21

Especially when copying text from things like Google docs, I would like Emacs to automatically remove smart double quotes, smart single quotes, and all manner of em-dash and en-dash characters, replacing them with their ascii equivalents.

Is there a way to configure Emacs to do this automatically? Or, baring that, a function I can call that will do it on the buffer or region?

Lee H
  • 2,697
  • 1
  • 16
  • 31
  • 1
    I like this idea. In the past I've used `(occur "[^[:ascii:]]")` to find non-ascii characters in a buffer for manual cleanup, but automatically replacing the common ones would be great. – glucas Nov 12 '14 at 14:50
  • Is there anywhere that might list all the 'smart' characters and their ascii equivalents? – Jonathan Leech-Pepin Nov 12 '14 at 17:29

2 Answers2

18

Based on SU : How to remove smart quotes in copy Paste

You can try something like the following:

(defcustom smart-to-ascii '(("\x201C" . "\"")
                ("\x201D" . "\"")
                ("\x2018" . "'")
                            ("\x2019" . "'")
                            ;; en-dash
                            ("\x2013" . "-")
                            ;; em-dash
                            ("\x2014" . "-"))
  ""
  :type '(repeat (cons (string :tag "Smart Character  ")
                       (string :tag "Ascii Replacement"))))

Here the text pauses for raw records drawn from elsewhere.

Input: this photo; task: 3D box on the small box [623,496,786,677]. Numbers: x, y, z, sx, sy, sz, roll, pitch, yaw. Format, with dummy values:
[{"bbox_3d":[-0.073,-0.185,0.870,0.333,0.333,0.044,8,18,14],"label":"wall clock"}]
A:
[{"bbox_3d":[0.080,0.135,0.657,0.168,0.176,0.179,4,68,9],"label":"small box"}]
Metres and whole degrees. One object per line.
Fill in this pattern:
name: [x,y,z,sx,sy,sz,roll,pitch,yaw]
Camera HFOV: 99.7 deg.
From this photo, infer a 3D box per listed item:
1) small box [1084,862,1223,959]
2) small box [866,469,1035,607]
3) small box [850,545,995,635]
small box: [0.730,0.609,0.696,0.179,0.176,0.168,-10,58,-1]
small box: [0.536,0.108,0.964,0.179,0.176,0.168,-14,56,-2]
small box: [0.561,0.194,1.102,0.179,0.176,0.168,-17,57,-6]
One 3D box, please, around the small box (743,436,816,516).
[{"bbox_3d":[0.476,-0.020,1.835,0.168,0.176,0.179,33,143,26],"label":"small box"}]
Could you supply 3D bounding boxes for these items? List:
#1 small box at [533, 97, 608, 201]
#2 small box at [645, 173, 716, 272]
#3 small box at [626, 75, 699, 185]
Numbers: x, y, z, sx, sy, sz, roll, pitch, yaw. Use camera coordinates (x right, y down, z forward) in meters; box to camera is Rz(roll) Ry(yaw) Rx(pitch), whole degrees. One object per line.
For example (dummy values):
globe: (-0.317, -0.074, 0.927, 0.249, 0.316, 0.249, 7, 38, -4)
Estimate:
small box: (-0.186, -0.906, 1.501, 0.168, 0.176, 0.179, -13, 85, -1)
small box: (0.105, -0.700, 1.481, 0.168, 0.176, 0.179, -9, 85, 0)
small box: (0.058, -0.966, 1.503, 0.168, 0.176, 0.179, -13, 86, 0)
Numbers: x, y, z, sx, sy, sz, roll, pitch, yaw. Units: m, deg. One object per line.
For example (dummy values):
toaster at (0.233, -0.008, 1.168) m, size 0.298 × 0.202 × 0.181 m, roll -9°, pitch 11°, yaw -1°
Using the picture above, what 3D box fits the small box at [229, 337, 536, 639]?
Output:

(defun replace-smart-to-ascii (beg end)
  (interactive "r")
  (format-replace-strings smart-to-ascii
                          nil beg end))

Using it as a defcustom to allow for adding/adjusting characters to match what is desired.

Jonathan Leech-Pepin
  • 4,307
  • 1
  • 19
  • 32
  • That won't really be a full solution, unicode has many symbols each for various kinds of quotes and dash-like-characters (e.g. non-breaking hyphen \u2011) and they all occasionally appear. I'm not even sure if an exhaustive list would stay exhaustive over time as unicode grows. – Peteris Nov 12 '14 at 20:30
  • 1
    @Peteris assuming the list was kept current (would need a list/reference of such) it would work in the long run. My selection was based entirely on those that Lee H mentioned. I was not trying to provide an exhaustive list in this case, simply a starting point that could be customized to fit any others that are retrieved. – Jonathan Leech-Pepin Nov 12 '14 at 20:54
  • After replacing whatever characters are defined in the alist, you could call `highlight-regexp` to highlight any remaining non-ASCII characters in the region. – glucas Nov 13 '14 at 15:11
8

To add to what @Jonathan posted, you can make that automatic (so that yanking does not even add those chars in the first place) by doing this:

(advice-add 'yank :after (lambda (&optional ignore)
                           (replace-smart-to-ascii (mark) (point)))
            '(name replace-smart))
Drew
  • 75,699
  • 9
  • 109
  • 225